El segundo patrón es la acumulación de permisos. Un empleado cambia de departamento o de proyecto, pero conserva los accesos anteriores. Con el tiempo, personas que ya no tienen ninguna relación funcional con determinada información siguen pudiendo consultarla.

El tercero es el enlace compartido sin caducidad. Alguien necesita enviar un archivo a un compañero y crea un enlace con acceso para «cualquier persona de la organización». El archivo se entrega, el enlace queda activo indefinidamente.

Y el cuarto, cada vez más relevante, es el shadow AI. Empleados que utilizan herramientas de IA no sancionadas por la organización, introduciendo en prompts información interna que puede acabar procesada fuera del perímetro corporativo.

Qué hacer antes de que la IA lo haga visible

Las organizaciones que están desplegando herramientas de IA generativa en sus entornos corporativos tienen una oportunidad para abordar este problema que debería haberse resuelto hace años. Microsoft recomienda un enfoque por fases: piloto, despliegue y operación continua. Antes de dar acceso masivo a Copilot, conviene auditar qué datos están expuestos internamente y a quién.

Esto implica revisar los permisos de los sitios de SharePoint y OneDrive, identificar los espacios de Teams y canales públicos que contienen información sensible, eliminar enlaces de compartición caducados o excesivamente amplios, y establecer etiquetas de confidencialidad que determinen qué puede hacer la IA con cada tipo de documento.

Pero más allá de las herramientas específicas de Microsoft o de cualquier otro proveedor, el principio subyacente es el mismo que la ciberseguridad lleva décadas defendiendo: acceso mínimo necesario. Cada persona, y ahora cada agente de IA, debería poder acceder únicamente a la información que necesita para realizar su tarea. Ni más, ni menos.

La paradoja de la productividad

Existe una tensión real entre productividad y seguridad.
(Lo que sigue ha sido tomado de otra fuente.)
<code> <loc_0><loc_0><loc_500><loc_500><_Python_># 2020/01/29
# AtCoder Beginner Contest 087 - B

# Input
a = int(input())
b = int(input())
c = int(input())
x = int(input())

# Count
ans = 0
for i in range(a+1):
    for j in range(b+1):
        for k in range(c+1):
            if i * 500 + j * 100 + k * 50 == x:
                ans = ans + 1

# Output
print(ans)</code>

Las herramientas de colaboración se diseñan para facilitar el intercambio de información. Poner barreras a ese intercambio parece ir en contra de su propósito. Y la IA generativa ayuda precisamente a hacer más productivos a los empleados dándoles acceso rápido a toda la información relevante.

La clave está en que «toda la información relevante» no significa «toda la información disponible». Una cosa es que Copilot ayude a un responsable de ventas a localizar la última versión de una propuesta comercial. Otra muy distinta es que esa misma consulta le devuelva borradores de contratos de recursos humanos o documentos del comité de dirección que alguien dejó en una carpeta mal configurada.

Gartner estima que en 2027 el 60% de las empresas no conseguirá el valor esperado de sus casos de uso de IA por frameworks de datos incoherentes. La gobernanza de datos no es un obstáculo para la adopción de IA. Es un requisito previo.

El oversharing interno no es un problema de tecnología. Es un problema de gobernanza que la tecnología ha hecho imposible de ignorar. Durante años, las organizaciones han funcionado con permisos de acceso mal gestionados porque las consecuencias no eran inmediatamente visibles. La IA generativa ha cambiado esa ecuación.

Para las organizaciones sujetas a regulaciones como NIS2 o el RGPD, y especialmente para los Prestadores de Servicios de Confianza y otras entidades del ecosistema eIDAS, donde la integridad y la confidencialidad de la información son condiciones de existencia, la limpieza del oversharing interno no es una mejora opcional. Es una obligación que la llegada de la IA corporativa ha convertido en urgente.

El momento de auditar los permisos internos era hace cinco años. El segundo mejor momento es antes de activar el asistente de IA.